One of the rockets I'd worked on at the build session on Tuesday was the Estes MX Missile.  It had started out as just a nose cone, but I cut an 11" BT-60 body tube out of shop scraps and gathered some of the internals to take with me on Tuesday night.  I bought an Estes Freefall to serve as the donor for the fin assembly and had construction largely completed by the time the build session ended.  I was on vacation the rest of the week and spent one day painting and generally catching up on projects.  I had printed off a set of MX Missile decals from the JimZ site, but wasn't happy with how I applied them, so I'll be trying again at a later date.


The C6-5 flight took off to the left, which I was completely unprepared for.  (The previous launch everything had gone to the right.  Don't ask.)  Altitude was to around 800' and likely was affected by the fairly extreme windcocking.  Ejection came as it was sideways, unsurprisingly.  It then began a fast run away from the flightline toward the soccer fields, but not near any of the games that were in progress.  All parts were present and accounted for and I declared the project a success.  All in all, a great use of the Estes Freefall kit.  Since the same fin can is used for the Gemini Titan and since I have a nose cone ready to go, I'll no doubt be buying another Freefall kit in the near future.

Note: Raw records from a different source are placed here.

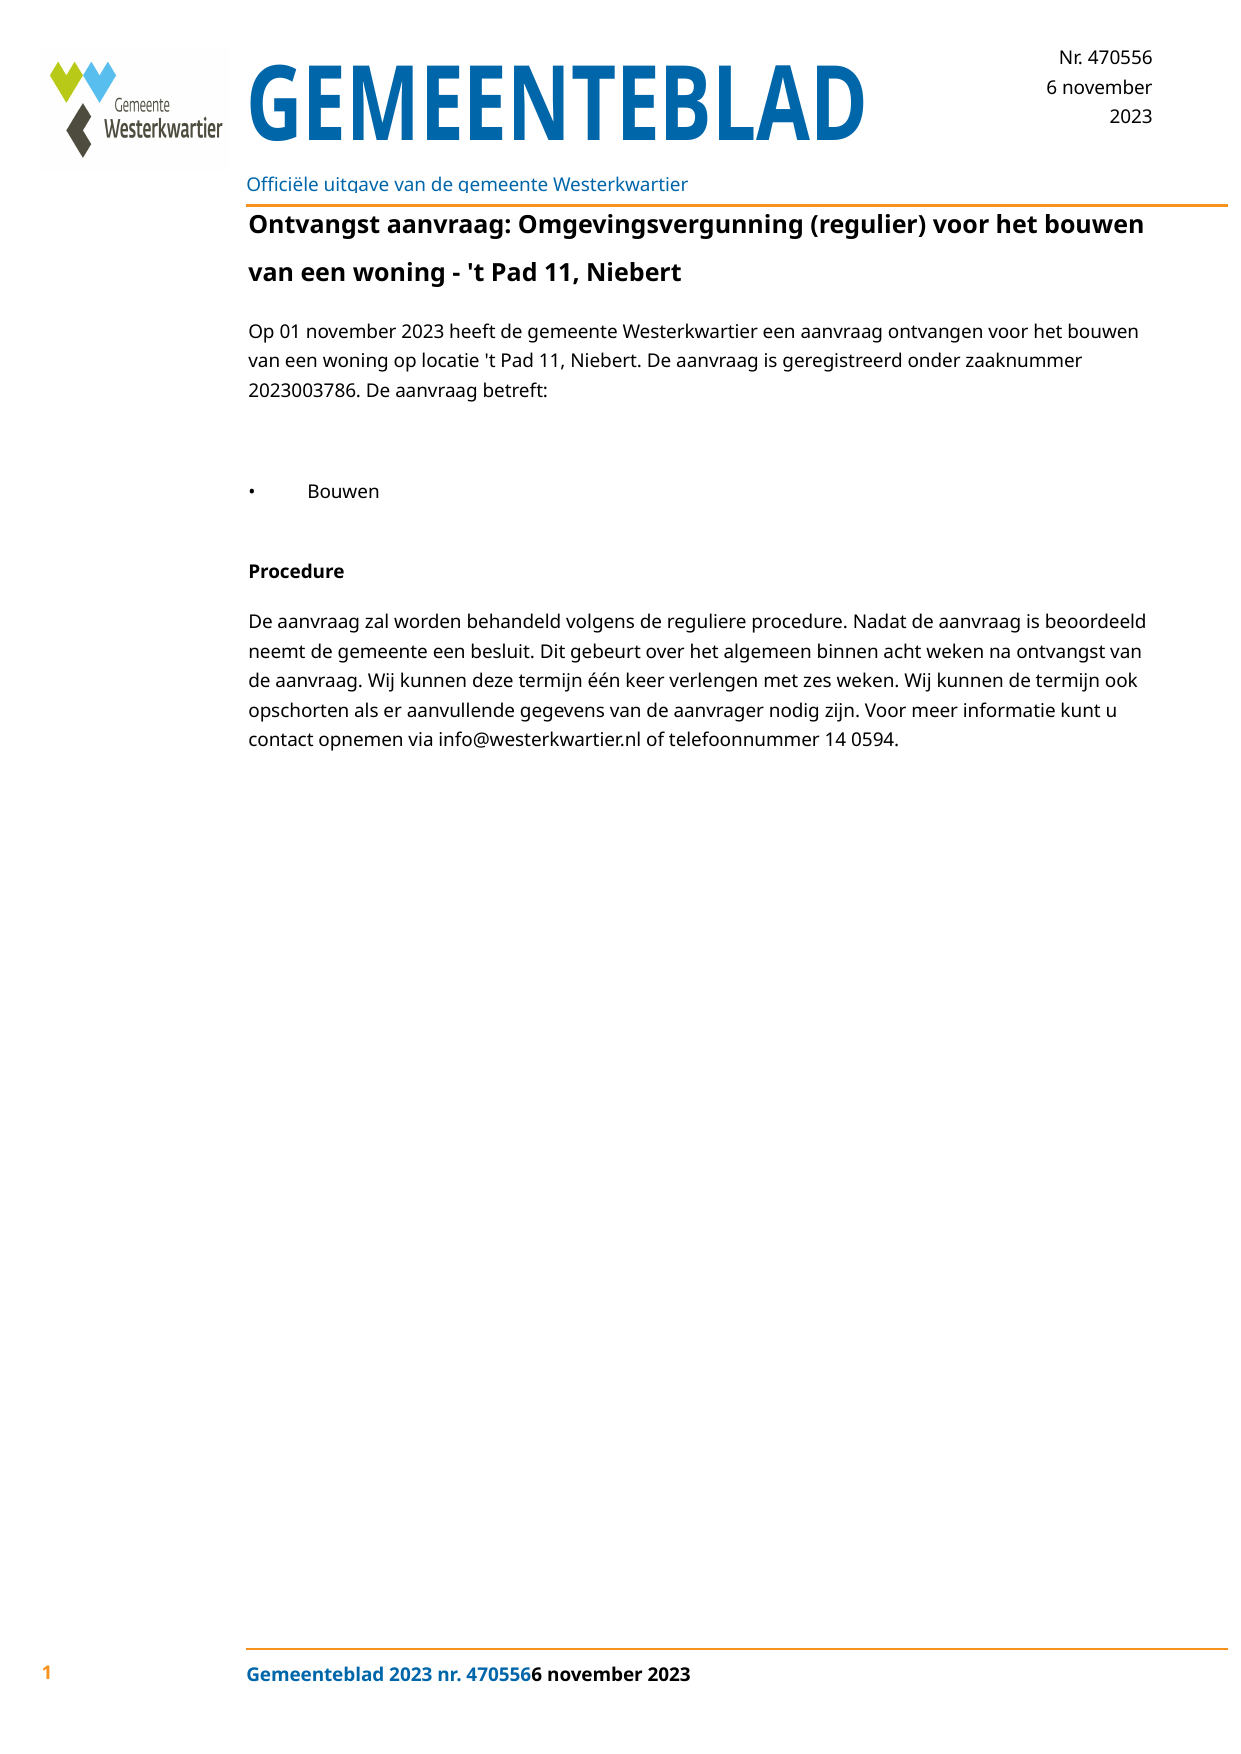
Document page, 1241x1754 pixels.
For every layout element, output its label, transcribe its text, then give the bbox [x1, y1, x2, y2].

text Op 01 november 2023 heeft de gemeente Westerkwartier een aanvraag ontvangen voor het bouwen van een woning op locatie 't Pad 11, Niebert. De aanvraag is geregistreerd onder zaaknummer 2023003786. De aanvraag betreft: [248, 318, 1152, 403]
text Ontvangst aanvraag: Omgevingsvergunning (regulier) voor het bouwen van een woning - 't Pad 11, Niebert [248, 207, 1152, 288]
text Procedure [248, 558, 1152, 584]
picture [41, 47, 231, 172]
text De aanvraag zal worden behandeld volgens de reguliere procedure. Nadat de aanvraag is beoordeeld neemt de gemeente een besluit. Dit gebeurt over het algemeen binnen acht weken na ontvangst van de aanvraag. Wij kunnen deze termijn één keer verlengen met zes weken. Wij kunnen de termijn ook opschorten als er aanvullende gegevens van de aanvrager nodig zijn. Voor meer informatie kunt u contact opnemen via info@westerkwartier.nl of telefoonnummer 14 0594. [248, 608, 1152, 752]
list Bouwen [248, 478, 1152, 504]

Flight #3 would be the big disappointment on the day for me.  It was an MPC Pioneer-1 that I'd collected the parts for and finished the previous day.  Nothing wildly exciting, but I'm always up for flying a vintage MPC kit, so the Pioneer-1 was one of two kits I'd brought along for the day.  Mike has just finished making a rude gesture that was unfortunately not caught.


I chose a B6-6 for the flight and a streamer for recovery, the Pioneer-1 not being a large rocket.  It was more than enough power.  WAY more than enough.  The Pioneer-1 flew back over the flightline and was all but out of sight when the ejection charge fired.  Everything worked as expected.  The streamer looked to be slowing things down, and then suddenly, it wasn't.  The P-1 began falling rapidly, following the plastic fin unit back toward the flightline.  100' from the ground it stopped following the fins and dropped like a rock, right into the bed of Prez Dave's truck.



There was shrapnel.


Just that quickly, my labor of MPC love was gone.  One fin snapped off.  The other one shattered.  Hence the shrapnel.  Checked my MPC parts stash when I got home.  Nada.  Not a problem, I thought.  I'll just order a new fin can from Quest.  After all, isn't that where I got this one?  Apparently not.  This is going to be tougher to replace than I thought.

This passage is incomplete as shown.